- [Problem] Look through the data below and count each line where the word "object" appears. Reply with the count alone.

- [Task data]
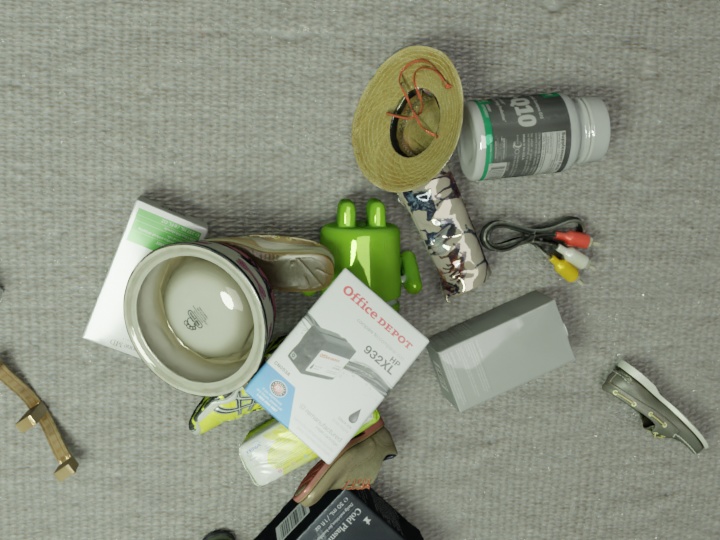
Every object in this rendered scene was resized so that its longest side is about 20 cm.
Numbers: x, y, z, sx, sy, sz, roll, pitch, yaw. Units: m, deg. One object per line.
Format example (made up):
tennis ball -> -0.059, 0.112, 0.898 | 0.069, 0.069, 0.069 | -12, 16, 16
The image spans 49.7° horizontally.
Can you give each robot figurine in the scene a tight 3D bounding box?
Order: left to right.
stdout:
robot figurine -> 0.000, 0.000, 1.105 | 0.173, 0.116, 0.202 | -2, 100, -7

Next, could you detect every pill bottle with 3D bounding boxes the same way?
pill bottle -> 0.246, -0.194, 1.116 | 0.198, 0.113, 0.114 | -7, 101, -9

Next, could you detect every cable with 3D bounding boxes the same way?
cable -> 0.276, -0.048, 1.163 | 0.198, 0.050, 0.098 | 17, 96, -27

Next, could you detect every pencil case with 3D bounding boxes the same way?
pencil case -> 0.122, -0.055, 1.137 | 0.089, 0.078, 0.202 | -22, 103, 12

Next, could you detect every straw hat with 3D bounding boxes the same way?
straw hat -> 0.087, -0.204, 1.097 | 0.085, 0.200, 0.203 | 6, 101, -52

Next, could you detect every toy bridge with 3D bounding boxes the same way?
toy bridge -> -0.458, 0.204, 1.086 | 0.027, 0.067, 0.201 | -32, 102, -3

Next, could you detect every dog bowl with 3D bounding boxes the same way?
dog bowl -> -0.196, 0.053, 0.987 | 0.198, 0.074, 0.202 | 5, 109, 16

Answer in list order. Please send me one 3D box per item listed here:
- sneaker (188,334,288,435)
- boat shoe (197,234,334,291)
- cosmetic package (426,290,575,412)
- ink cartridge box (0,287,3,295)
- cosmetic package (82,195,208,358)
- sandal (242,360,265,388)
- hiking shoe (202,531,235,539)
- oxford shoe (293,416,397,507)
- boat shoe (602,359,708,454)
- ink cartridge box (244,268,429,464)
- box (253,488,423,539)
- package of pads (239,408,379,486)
sneaker -> -0.161, 0.181, 1.130 | 0.199, 0.075, 0.077 | -36, 102, -1
boat shoe -> -0.131, -0.012, 1.035 | 0.198, 0.066, 0.075 | 8, 112, 2
cosmetic package -> 0.211, 0.120, 1.178 | 0.198, 0.090, 0.108 | -22, 102, -8
ink cartridge box -> -0.605, 0.014, 1.021 | 0.145, 0.088, 0.200 | -43, 102, 0
cosmetic package -> -0.295, 0.010, 1.074 | 0.107, 0.085, 0.202 | 21, 94, -15
sandal -> -0.193, 0.085, 1.084 | 0.054, 0.080, 0.201 | -32, 78, 23
hiking shoe -> -0.211, 0.502, 1.160 | 0.075, 0.101, 0.202 | -7, 100, -8
oxford shoe -> -0.012, 0.276, 1.079 | 0.075, 0.070, 0.199 | 53, 43, 6
boat shoe -> 0.472, 0.229, 1.248 | 0.201, 0.072, 0.060 | 43, 92, -7
ink cartridge box -> -0.030, 0.119, 0.997 | 0.145, 0.084, 0.200 | 40, 85, 1
box -> -0.031, 0.431, 1.170 | 0.197, 0.124, 0.200 | 44, 90, -15
package of pads -> -0.071, 0.223, 1.107 | 0.199, 0.155, 0.069 | -29, 88, -3

- [Solution to the exercise] 2